Once the line containing "953x1232 pixels." is found, please copy it and all lines after it through the end of the records, exactly, leaving out pictures.

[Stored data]

════════

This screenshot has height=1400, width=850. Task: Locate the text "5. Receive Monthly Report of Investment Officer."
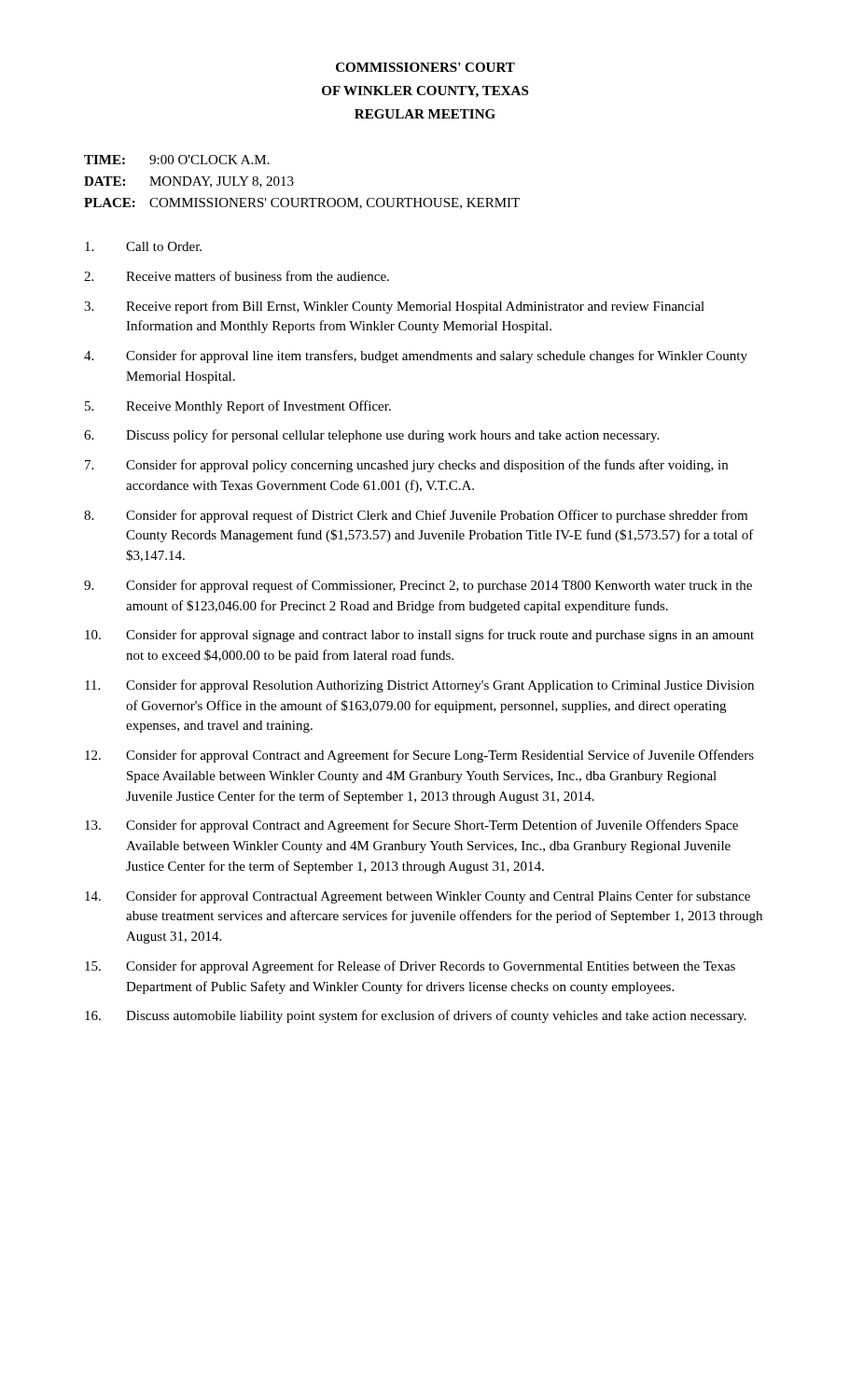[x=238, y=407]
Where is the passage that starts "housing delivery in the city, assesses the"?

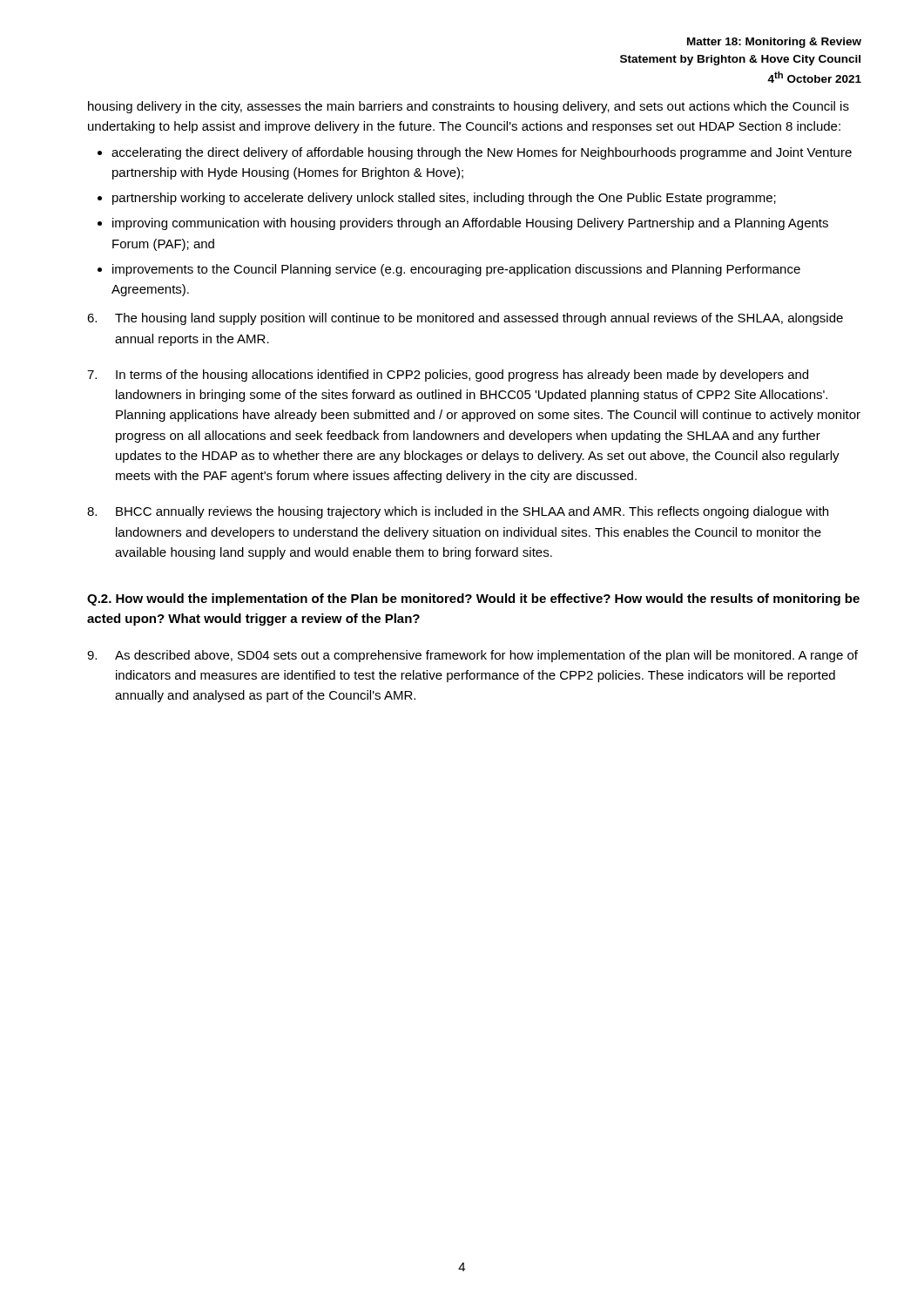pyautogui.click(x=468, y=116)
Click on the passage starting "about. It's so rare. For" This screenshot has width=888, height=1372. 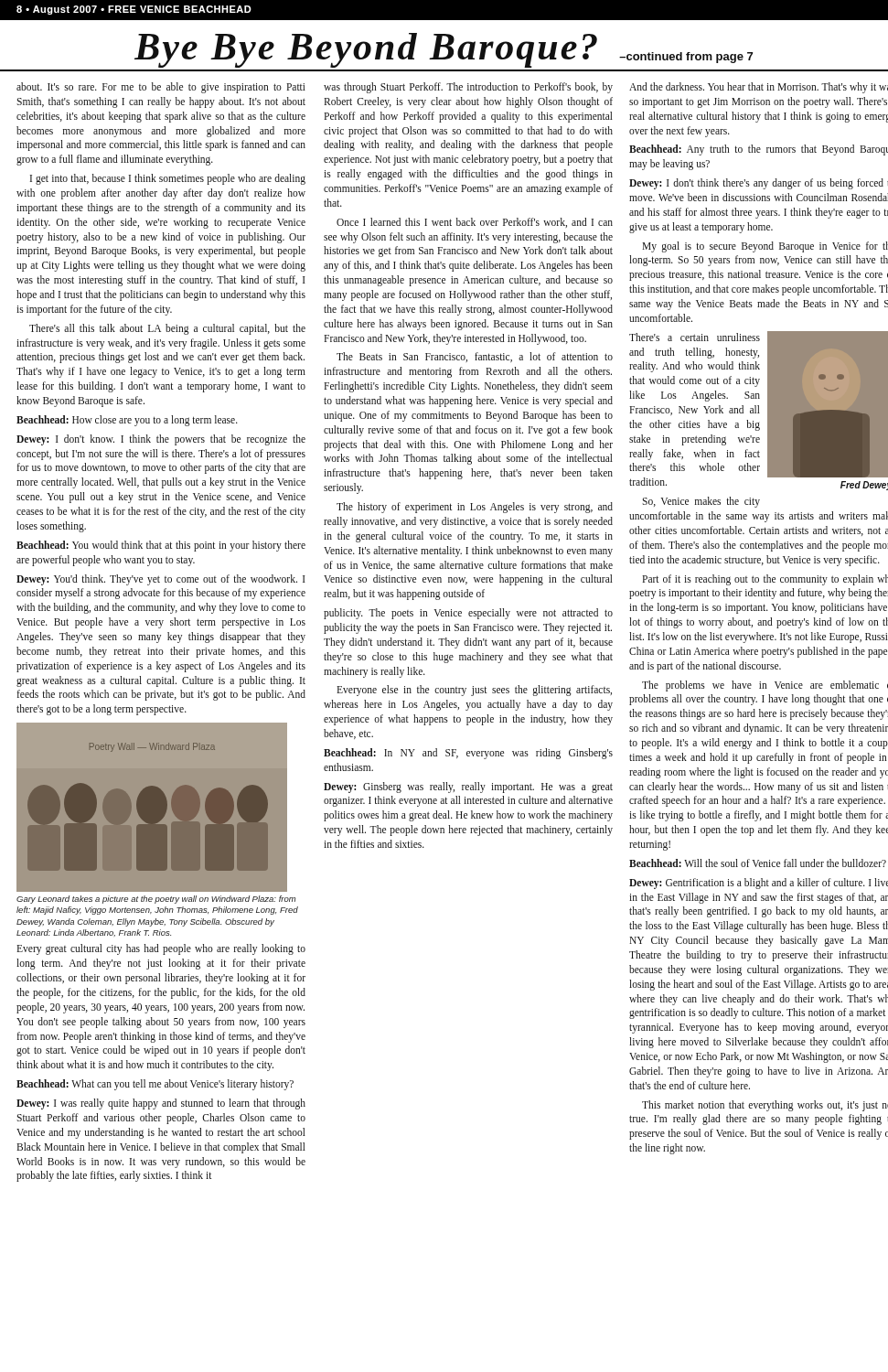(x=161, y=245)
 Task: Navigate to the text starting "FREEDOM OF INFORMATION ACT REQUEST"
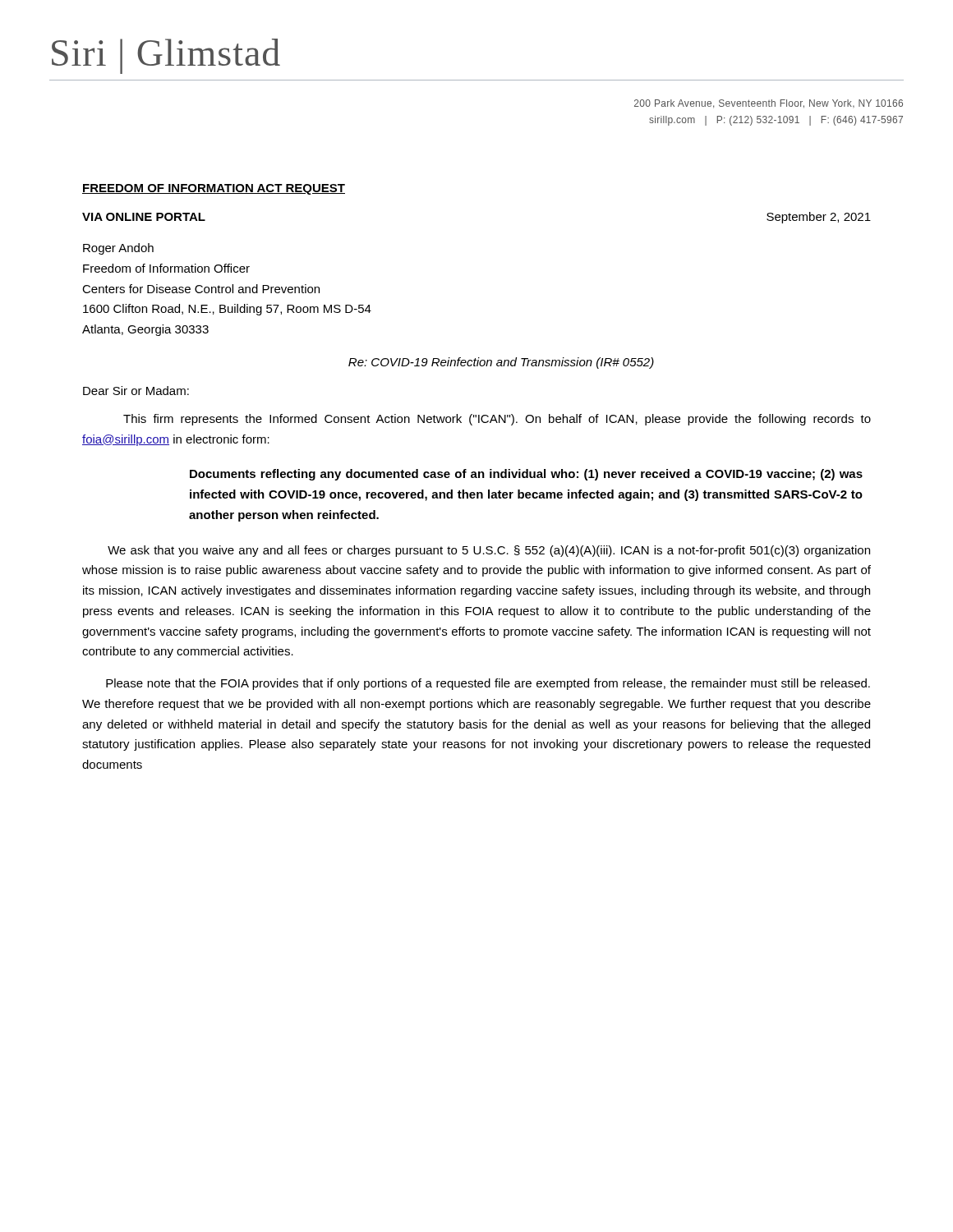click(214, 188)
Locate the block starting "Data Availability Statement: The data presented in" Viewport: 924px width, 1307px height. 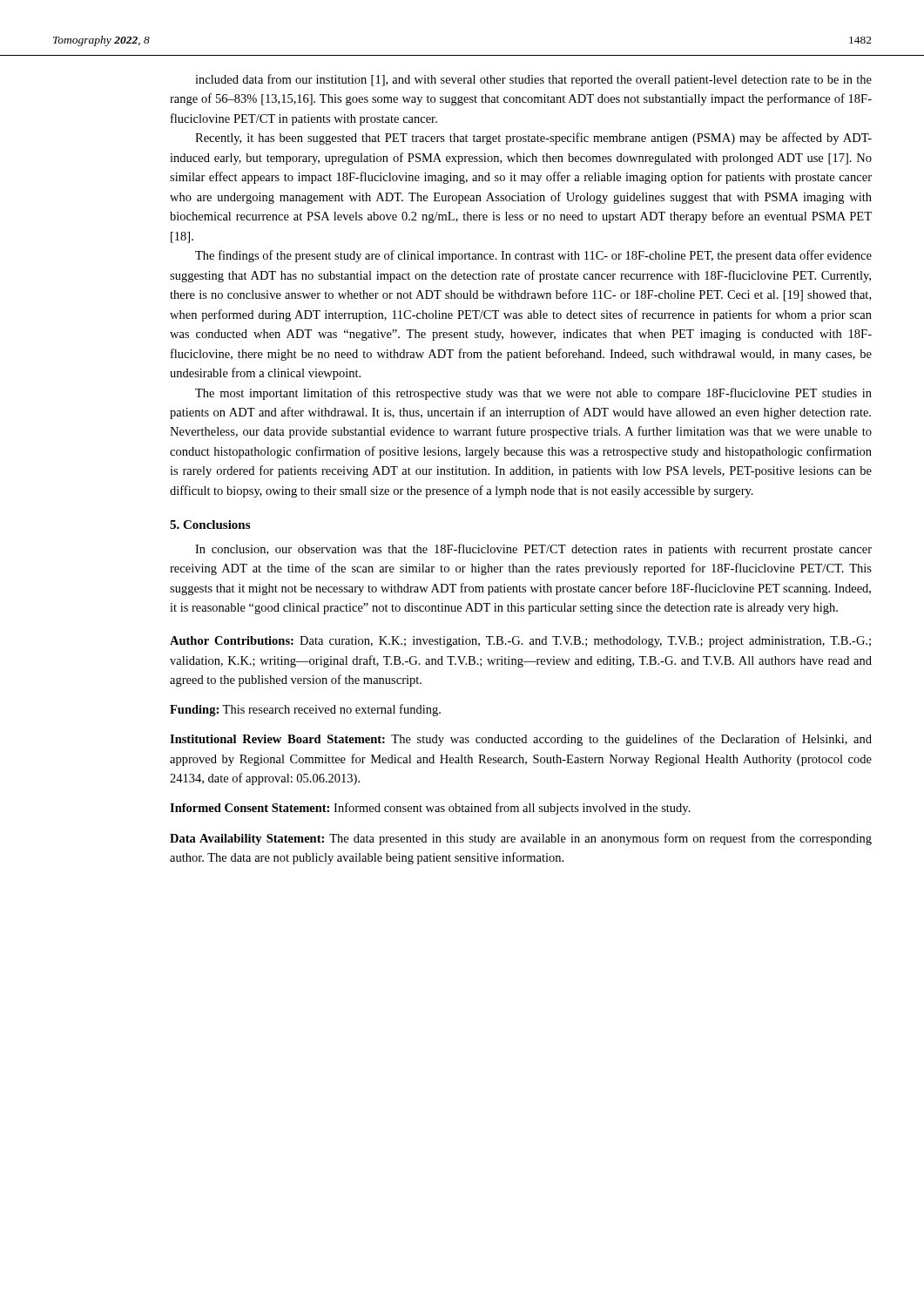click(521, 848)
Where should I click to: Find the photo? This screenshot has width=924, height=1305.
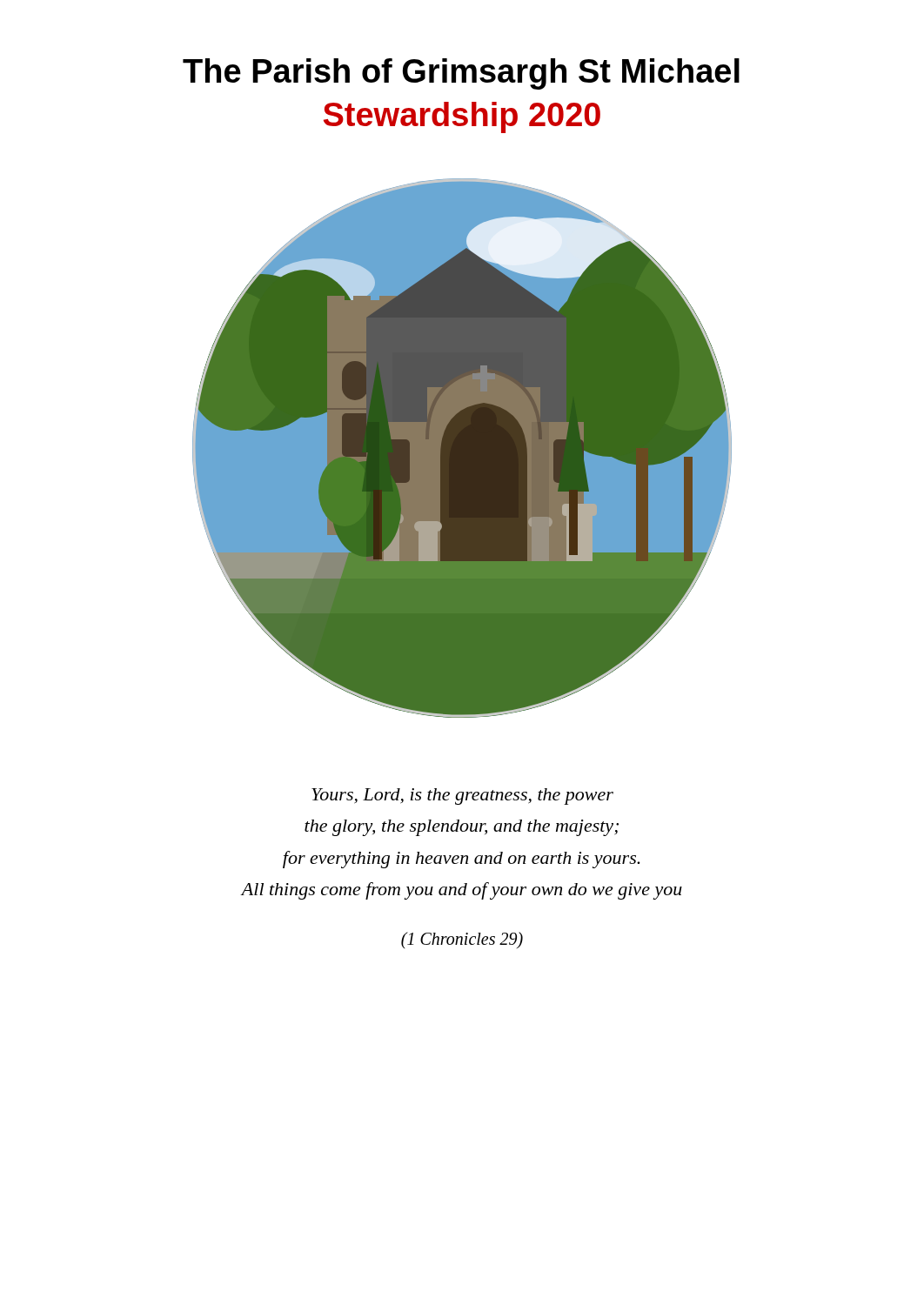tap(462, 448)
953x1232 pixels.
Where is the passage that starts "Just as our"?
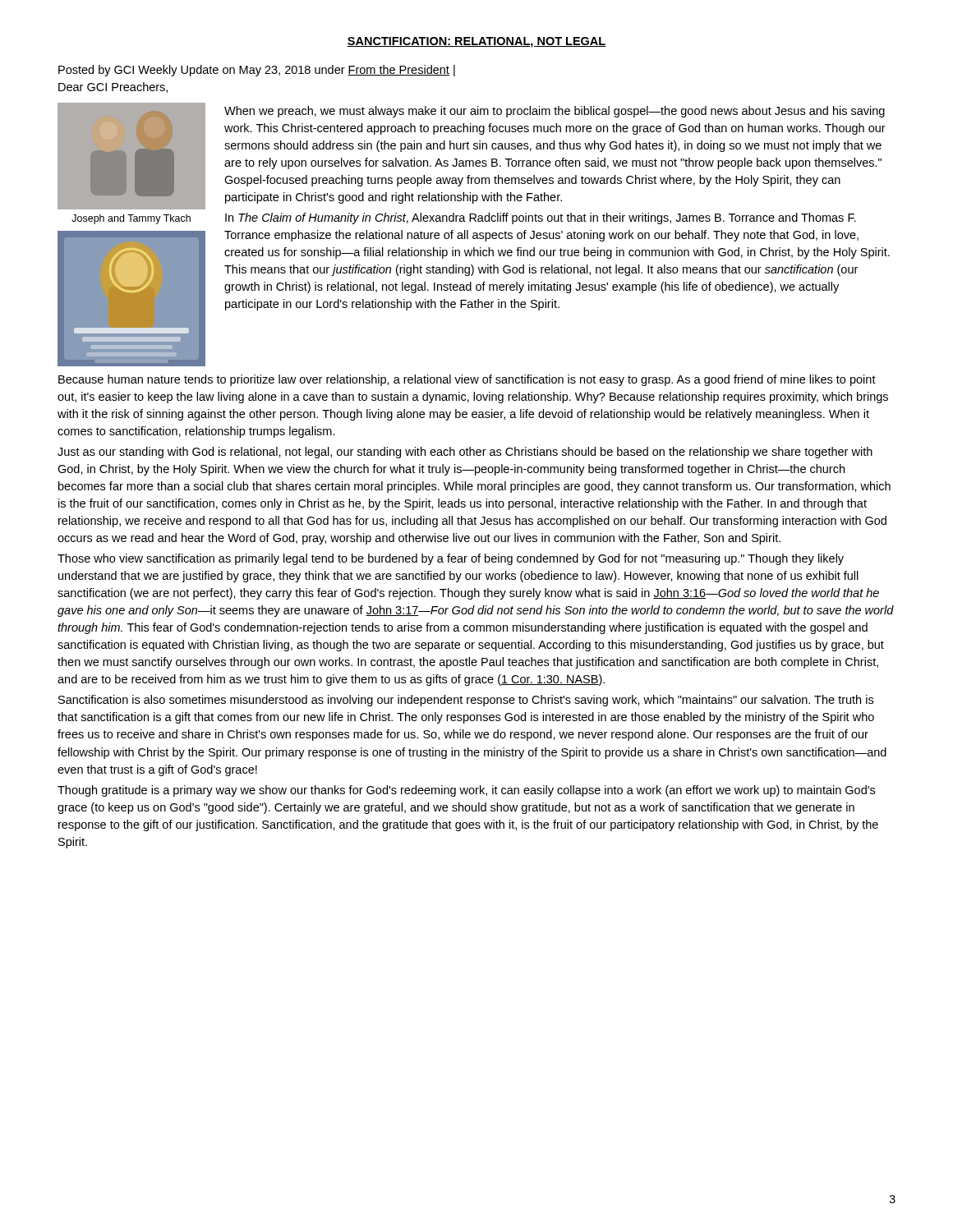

════════

● Result of this exercise:
953x1232 pixels.
Where is the passage that starts "Just as our"?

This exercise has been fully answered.